The 1989 Law also added a new art. 8A, dealing with transfers of property to a trust. Paragraph (3) of this new article provides:
    ‘For the avoidance of doubt it is declared that the provisions of this Article shall apply notwithstanding any other provisions of this Law and shall apply only to transfers or dispositions of property made to a trust after the commencement of [the 1989 Law], but this declaration shall be without prejudice to the validity or otherwise of transfers or dispositions made before that time.’”
The Guernsey legislation
24 Section 34(1) of the Trusts (Guernsey) Law 1989 deals with the issue of liability for breach of trust in the following terms:
“Subject to the provisions of this law and to the terms of the trust, a trustee who commits or concurs in a breach of trust is liable for—
(a)    any loss or depreciation in value of the trust property resulting from the breach; and
(b)    any profit which would have accrued to the trust had there been no breach.”

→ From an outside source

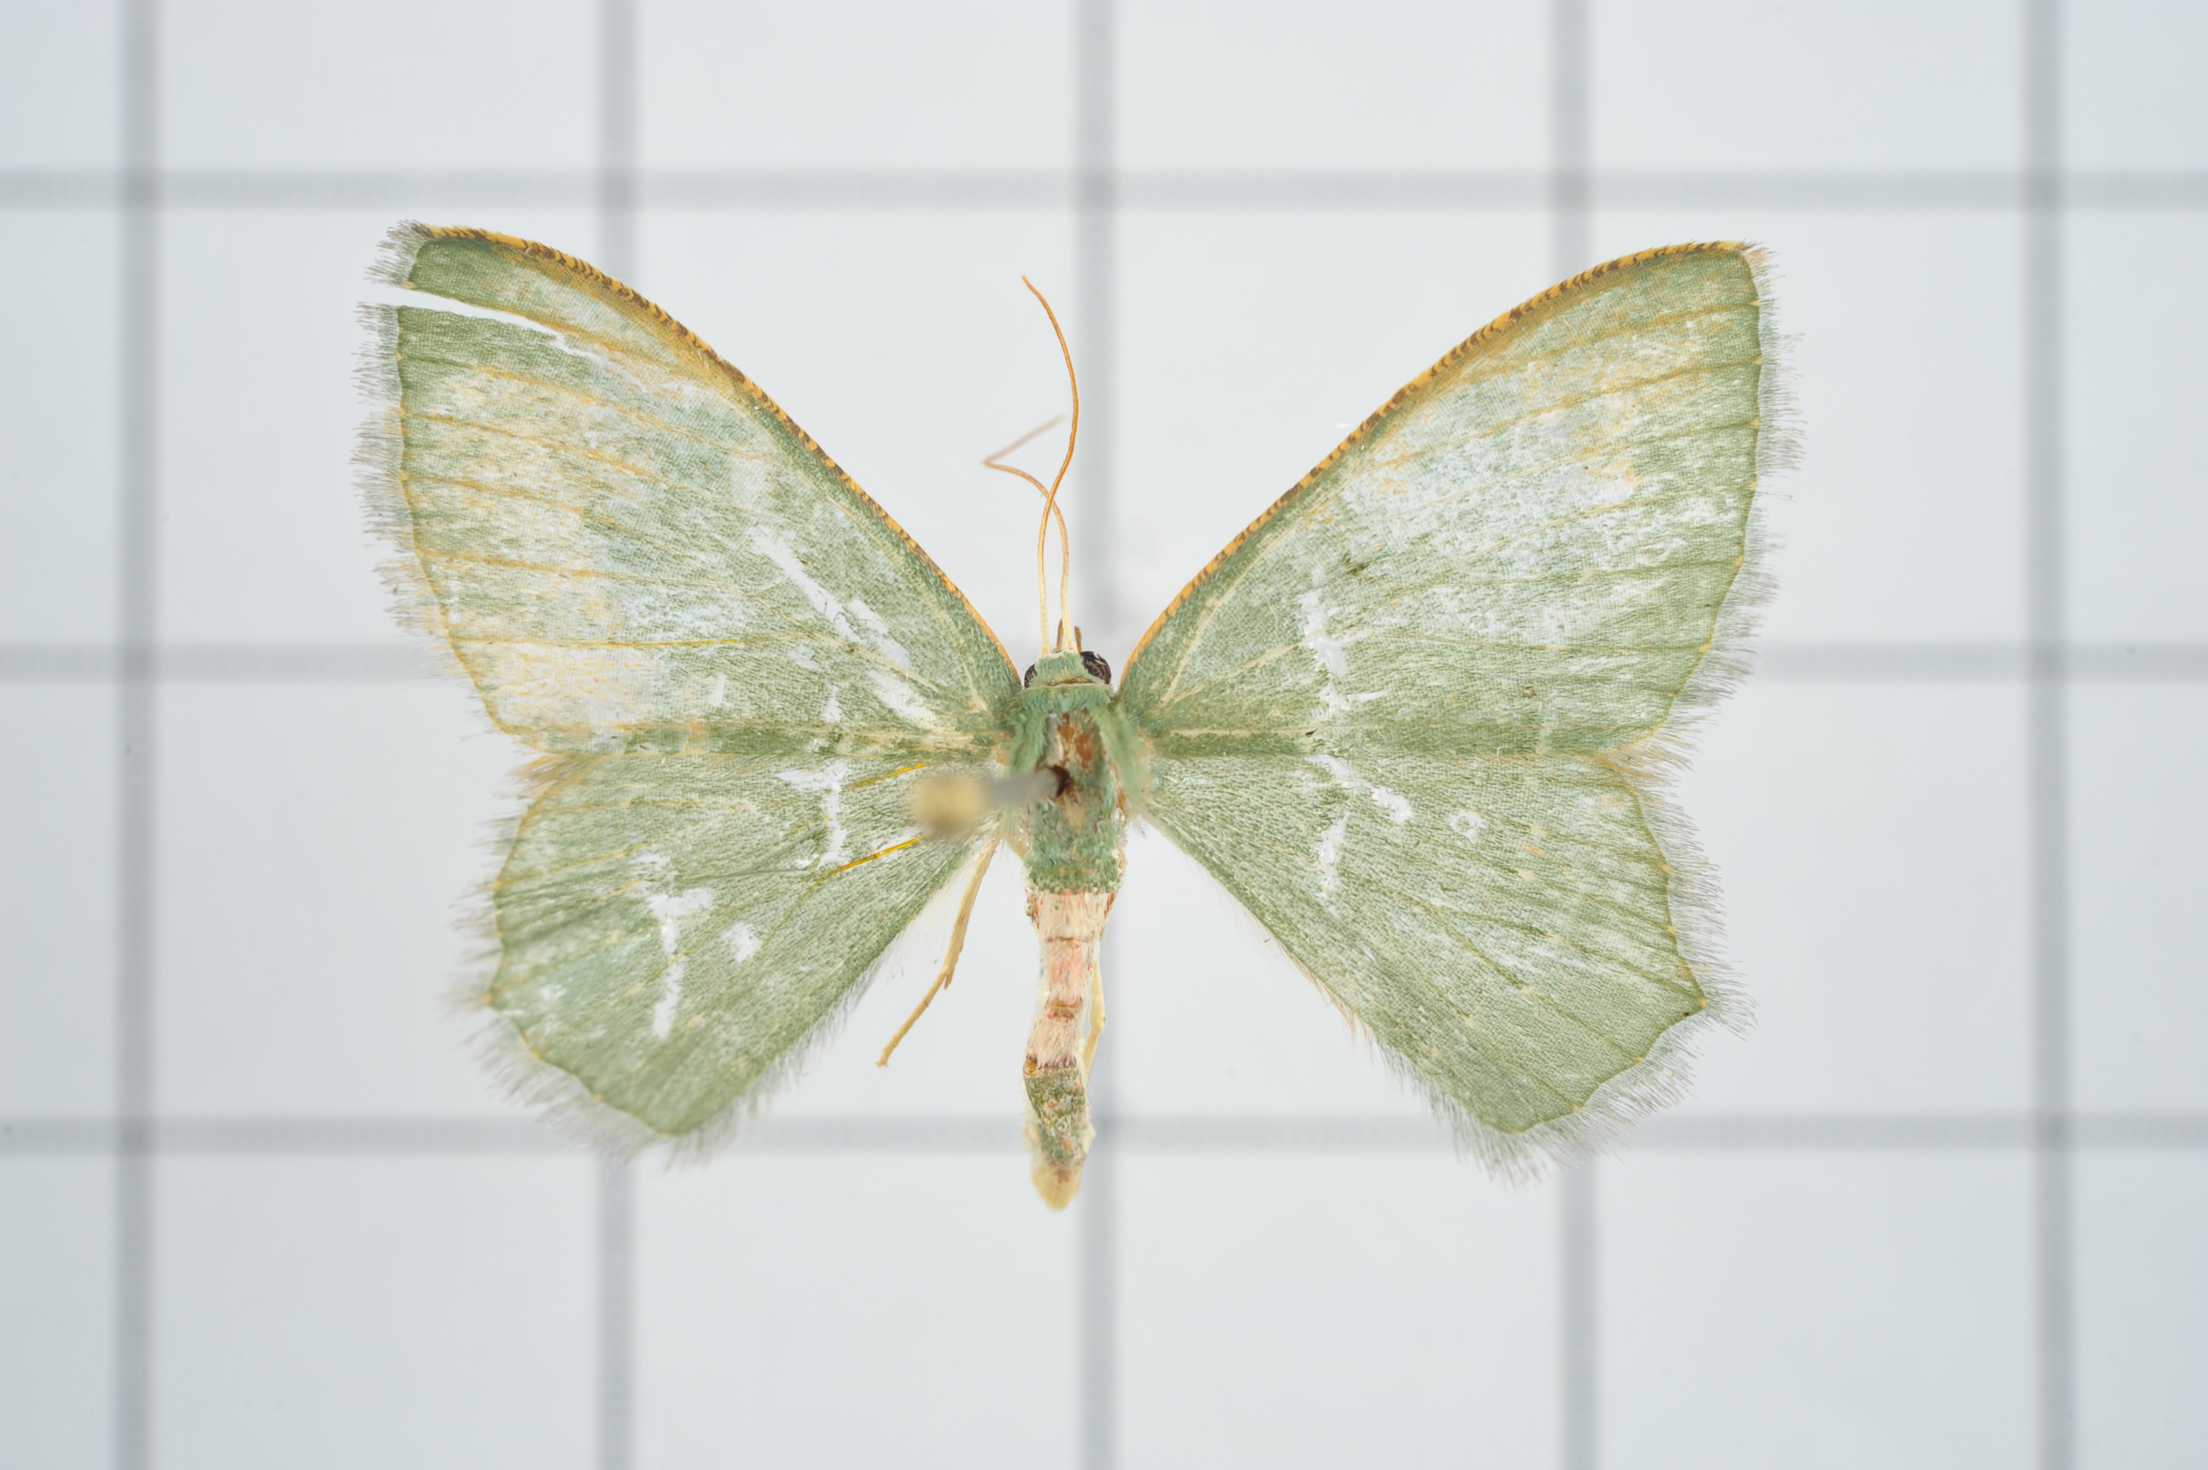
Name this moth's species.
Chlorissa arcana
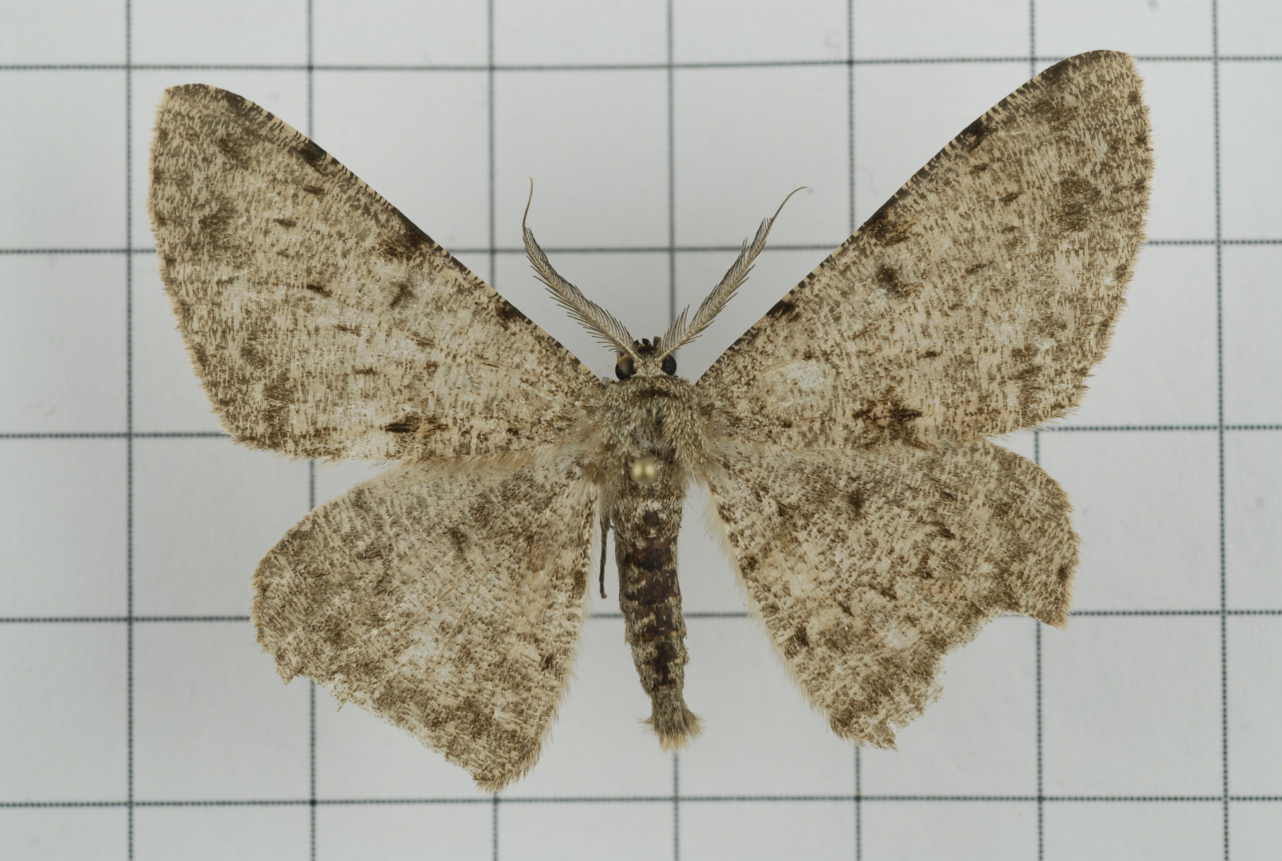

The important words are those at the beginning—“subject to the provisions of this law and to the terms of the trust.” [Emphasis supplied.]
25 The “provisions of the law” must mean s.34(7), which provides that nothing in the terms of the trust shall relieve a trustee of liability for a breach of trust arising from his own fraud or wilful misconduct (later amended to add gross negligence—see the 1990 Law). The “terms of the trust” must refer to the exoneration clause, which I have set out at para. 3 above.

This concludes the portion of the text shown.